◆ Problem to work on ◆
Copy out every entry that follows, without a single picture.
Provided entries START
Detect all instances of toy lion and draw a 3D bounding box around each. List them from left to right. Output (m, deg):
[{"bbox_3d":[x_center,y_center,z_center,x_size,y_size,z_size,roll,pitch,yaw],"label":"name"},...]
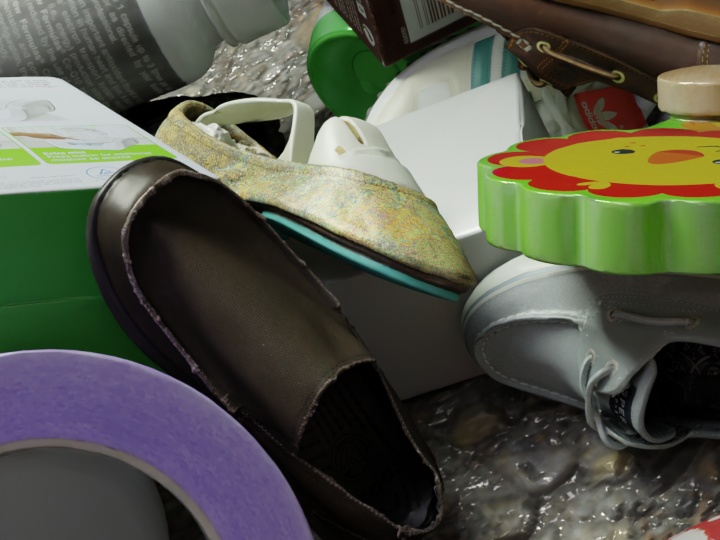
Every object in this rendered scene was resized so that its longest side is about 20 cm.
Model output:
[{"bbox_3d":[0.153,-0.032,0.783,0.198,0.069,0.191,6,16,31],"label":"toy lion"}]

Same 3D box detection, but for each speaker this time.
[{"bbox_3d":[0.043,-0.167,1.115,0.088,0.089,0.201,-2,44,35],"label":"speaker"}]

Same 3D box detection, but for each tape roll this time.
[{"bbox_3d":[-0.113,0.130,0.749,0.199,0.201,0.085,-37,1,-9],"label":"tape roll"}]

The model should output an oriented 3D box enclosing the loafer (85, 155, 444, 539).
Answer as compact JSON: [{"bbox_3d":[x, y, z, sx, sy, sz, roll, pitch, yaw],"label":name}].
[{"bbox_3d":[-0.027,0.033,0.808,0.073,0.200,0.071,-49,19,-21],"label":"loafer"}]

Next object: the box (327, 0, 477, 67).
[{"bbox_3d":[0.006,-0.200,1.048,0.100,0.075,0.200,-27,43,-10],"label":"box"}]

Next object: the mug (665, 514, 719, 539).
[{"bbox_3d":[0.101,0.142,0.592,0.199,0.134,0.177,-29,-1,38],"label":"mug"}]

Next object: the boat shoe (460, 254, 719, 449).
[{"bbox_3d":[0.121,0.035,0.813,0.199,0.070,0.072,-1,38,32],"label":"boat shoe"}]

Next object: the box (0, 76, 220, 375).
[{"bbox_3d":[-0.187,-0.017,0.864,0.198,0.098,0.176,-7,21,-31],"label":"box"}]

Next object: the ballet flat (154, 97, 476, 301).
[{"bbox_3d":[-0.023,-0.038,0.866,0.199,0.071,0.071,16,55,46],"label":"ballet flat"}]

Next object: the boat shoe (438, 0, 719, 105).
[{"bbox_3d":[0.104,-0.109,0.921,0.198,0.071,0.070,20,33,11],"label":"boat shoe"}]

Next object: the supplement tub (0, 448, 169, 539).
[{"bbox_3d":[-0.187,0.099,0.903,0.145,0.146,0.200,-40,36,-14],"label":"supplement tub"}]

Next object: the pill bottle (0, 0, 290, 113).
[{"bbox_3d":[-0.145,-0.136,1.065,0.198,0.114,0.114,-21,35,7],"label":"pill bottle"}]

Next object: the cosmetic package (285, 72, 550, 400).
[{"bbox_3d":[0.000,0.000,0.938,0.198,0.085,0.108,-17,37,18],"label":"cosmetic package"}]

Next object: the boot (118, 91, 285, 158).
[{"bbox_3d":[-0.154,-0.029,1.097,0.157,0.080,0.211,13,53,46],"label":"boot"}]

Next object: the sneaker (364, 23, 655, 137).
[{"bbox_3d":[0.087,-0.083,0.987,0.199,0.071,0.093,-34,29,-10],"label":"sneaker"}]
Provided entries END
◆ Output for this exercise ◆
Detect all instances of toy lion and draw a 3D bounding box around each. List them from left to right. Output (m, deg):
[{"bbox_3d":[x_center,y_center,z_center,x_size,y_size,z_size,roll,pitch,yaw],"label":"name"},...]
Every object in this rendered scene was resized so that its longest side is about 20 cm.
Model output:
[{"bbox_3d":[0.153,-0.032,0.783,0.198,0.069,0.191,6,16,31],"label":"toy lion"}]

Same 3D box detection, but for each speaker this time.
[{"bbox_3d":[0.043,-0.167,1.115,0.088,0.089,0.201,-2,44,35],"label":"speaker"}]

Same 3D box detection, but for each tape roll this time.
[{"bbox_3d":[-0.113,0.130,0.749,0.199,0.201,0.085,-37,1,-9],"label":"tape roll"}]

The model should output an oriented 3D box enclosing the loafer (85, 155, 444, 539).
Answer as compact JSON: [{"bbox_3d":[x, y, z, sx, sy, sz, roll, pitch, yaw],"label":name}].
[{"bbox_3d":[-0.027,0.033,0.808,0.073,0.200,0.071,-49,19,-21],"label":"loafer"}]

Next object: the box (327, 0, 477, 67).
[{"bbox_3d":[0.006,-0.200,1.048,0.100,0.075,0.200,-27,43,-10],"label":"box"}]

Next object: the mug (665, 514, 719, 539).
[{"bbox_3d":[0.101,0.142,0.592,0.199,0.134,0.177,-29,-1,38],"label":"mug"}]

Next object: the boat shoe (460, 254, 719, 449).
[{"bbox_3d":[0.121,0.035,0.813,0.199,0.070,0.072,-1,38,32],"label":"boat shoe"}]

Next object: the box (0, 76, 220, 375).
[{"bbox_3d":[-0.187,-0.017,0.864,0.198,0.098,0.176,-7,21,-31],"label":"box"}]

Next object: the ballet flat (154, 97, 476, 301).
[{"bbox_3d":[-0.023,-0.038,0.866,0.199,0.071,0.071,16,55,46],"label":"ballet flat"}]

Next object: the boat shoe (438, 0, 719, 105).
[{"bbox_3d":[0.104,-0.109,0.921,0.198,0.071,0.070,20,33,11],"label":"boat shoe"}]

Next object: the supplement tub (0, 448, 169, 539).
[{"bbox_3d":[-0.187,0.099,0.903,0.145,0.146,0.200,-40,36,-14],"label":"supplement tub"}]

Next object: the pill bottle (0, 0, 290, 113).
[{"bbox_3d":[-0.145,-0.136,1.065,0.198,0.114,0.114,-21,35,7],"label":"pill bottle"}]

Next object: the cosmetic package (285, 72, 550, 400).
[{"bbox_3d":[0.000,0.000,0.938,0.198,0.085,0.108,-17,37,18],"label":"cosmetic package"}]

Next object: the boot (118, 91, 285, 158).
[{"bbox_3d":[-0.154,-0.029,1.097,0.157,0.080,0.211,13,53,46],"label":"boot"}]

Next object: the sneaker (364, 23, 655, 137).
[{"bbox_3d":[0.087,-0.083,0.987,0.199,0.071,0.093,-34,29,-10],"label":"sneaker"}]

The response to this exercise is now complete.